(Records from a data source)

= Beginning of Section =

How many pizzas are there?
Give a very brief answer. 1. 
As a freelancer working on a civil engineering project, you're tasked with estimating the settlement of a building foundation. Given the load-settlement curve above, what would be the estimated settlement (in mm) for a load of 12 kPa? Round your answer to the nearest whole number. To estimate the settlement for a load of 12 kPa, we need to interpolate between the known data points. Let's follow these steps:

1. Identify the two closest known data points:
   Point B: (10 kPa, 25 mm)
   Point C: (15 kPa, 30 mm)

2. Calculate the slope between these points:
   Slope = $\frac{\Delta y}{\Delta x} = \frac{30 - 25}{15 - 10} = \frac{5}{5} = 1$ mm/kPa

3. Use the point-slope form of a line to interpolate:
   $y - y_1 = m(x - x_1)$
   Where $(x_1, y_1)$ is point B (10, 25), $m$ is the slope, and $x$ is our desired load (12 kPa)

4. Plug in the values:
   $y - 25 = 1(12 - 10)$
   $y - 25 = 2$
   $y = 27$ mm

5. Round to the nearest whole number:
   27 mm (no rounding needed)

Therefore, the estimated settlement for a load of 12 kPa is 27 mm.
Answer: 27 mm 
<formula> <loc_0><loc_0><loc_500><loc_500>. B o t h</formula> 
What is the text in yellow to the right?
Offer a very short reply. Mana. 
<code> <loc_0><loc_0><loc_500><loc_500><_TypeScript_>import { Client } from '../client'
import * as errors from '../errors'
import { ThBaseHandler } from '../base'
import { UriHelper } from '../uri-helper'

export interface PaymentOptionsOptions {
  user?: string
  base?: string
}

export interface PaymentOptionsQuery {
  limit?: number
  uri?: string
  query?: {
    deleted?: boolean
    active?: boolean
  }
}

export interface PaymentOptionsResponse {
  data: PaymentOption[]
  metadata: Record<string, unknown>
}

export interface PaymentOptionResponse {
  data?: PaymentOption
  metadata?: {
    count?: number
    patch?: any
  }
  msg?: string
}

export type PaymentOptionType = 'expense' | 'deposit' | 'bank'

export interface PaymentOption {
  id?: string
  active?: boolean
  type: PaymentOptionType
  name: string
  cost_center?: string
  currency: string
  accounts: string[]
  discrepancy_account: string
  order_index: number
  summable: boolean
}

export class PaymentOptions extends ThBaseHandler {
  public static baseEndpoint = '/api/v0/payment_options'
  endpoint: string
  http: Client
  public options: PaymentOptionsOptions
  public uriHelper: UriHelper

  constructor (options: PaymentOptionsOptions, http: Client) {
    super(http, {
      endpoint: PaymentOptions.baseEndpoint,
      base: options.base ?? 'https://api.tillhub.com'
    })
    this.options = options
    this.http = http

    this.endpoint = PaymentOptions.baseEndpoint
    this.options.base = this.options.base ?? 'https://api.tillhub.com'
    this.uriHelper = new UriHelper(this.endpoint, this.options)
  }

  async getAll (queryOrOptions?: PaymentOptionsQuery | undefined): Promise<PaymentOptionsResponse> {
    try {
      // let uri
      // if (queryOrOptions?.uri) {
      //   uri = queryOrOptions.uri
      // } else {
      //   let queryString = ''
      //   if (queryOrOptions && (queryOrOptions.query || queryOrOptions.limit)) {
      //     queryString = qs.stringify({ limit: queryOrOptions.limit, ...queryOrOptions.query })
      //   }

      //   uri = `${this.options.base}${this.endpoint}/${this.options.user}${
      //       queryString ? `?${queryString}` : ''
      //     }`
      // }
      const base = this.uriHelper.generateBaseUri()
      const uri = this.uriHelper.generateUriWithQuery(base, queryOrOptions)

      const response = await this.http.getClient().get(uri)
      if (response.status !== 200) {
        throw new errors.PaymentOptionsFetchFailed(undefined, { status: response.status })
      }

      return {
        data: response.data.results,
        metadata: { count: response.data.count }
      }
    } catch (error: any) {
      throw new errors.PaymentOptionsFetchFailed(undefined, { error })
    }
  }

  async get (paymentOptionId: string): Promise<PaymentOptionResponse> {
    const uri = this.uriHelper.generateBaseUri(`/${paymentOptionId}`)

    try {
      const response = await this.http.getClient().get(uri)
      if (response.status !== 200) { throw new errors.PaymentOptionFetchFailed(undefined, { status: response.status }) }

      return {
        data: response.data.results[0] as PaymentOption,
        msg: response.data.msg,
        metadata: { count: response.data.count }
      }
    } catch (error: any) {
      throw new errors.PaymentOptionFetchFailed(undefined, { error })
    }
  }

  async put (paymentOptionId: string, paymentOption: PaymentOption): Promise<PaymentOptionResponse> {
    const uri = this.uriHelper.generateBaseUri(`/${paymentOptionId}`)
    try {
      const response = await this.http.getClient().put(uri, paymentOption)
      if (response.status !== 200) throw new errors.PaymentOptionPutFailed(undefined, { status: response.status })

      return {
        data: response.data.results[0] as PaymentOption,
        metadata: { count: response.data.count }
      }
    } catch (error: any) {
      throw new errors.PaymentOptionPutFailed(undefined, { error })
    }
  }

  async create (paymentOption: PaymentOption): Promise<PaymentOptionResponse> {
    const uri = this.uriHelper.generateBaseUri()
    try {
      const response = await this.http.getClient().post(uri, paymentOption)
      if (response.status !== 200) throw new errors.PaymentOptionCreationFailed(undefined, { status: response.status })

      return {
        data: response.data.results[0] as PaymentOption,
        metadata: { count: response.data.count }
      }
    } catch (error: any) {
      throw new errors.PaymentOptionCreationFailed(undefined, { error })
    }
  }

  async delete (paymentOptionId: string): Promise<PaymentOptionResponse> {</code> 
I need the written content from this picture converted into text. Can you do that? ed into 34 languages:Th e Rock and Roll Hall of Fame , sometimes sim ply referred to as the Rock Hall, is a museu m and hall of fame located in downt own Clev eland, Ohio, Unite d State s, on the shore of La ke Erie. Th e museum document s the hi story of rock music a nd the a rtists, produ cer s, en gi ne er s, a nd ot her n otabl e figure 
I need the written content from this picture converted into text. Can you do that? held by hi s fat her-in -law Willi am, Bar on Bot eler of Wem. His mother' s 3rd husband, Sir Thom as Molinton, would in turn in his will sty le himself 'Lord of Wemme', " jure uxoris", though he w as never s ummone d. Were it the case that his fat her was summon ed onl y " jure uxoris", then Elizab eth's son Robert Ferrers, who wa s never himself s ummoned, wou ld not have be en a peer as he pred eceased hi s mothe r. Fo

= End of Section =

• YOUR TASK: Read through the entries and count the lines where "between" appears; respond with the number only.

• SOLUTION BELOW: 2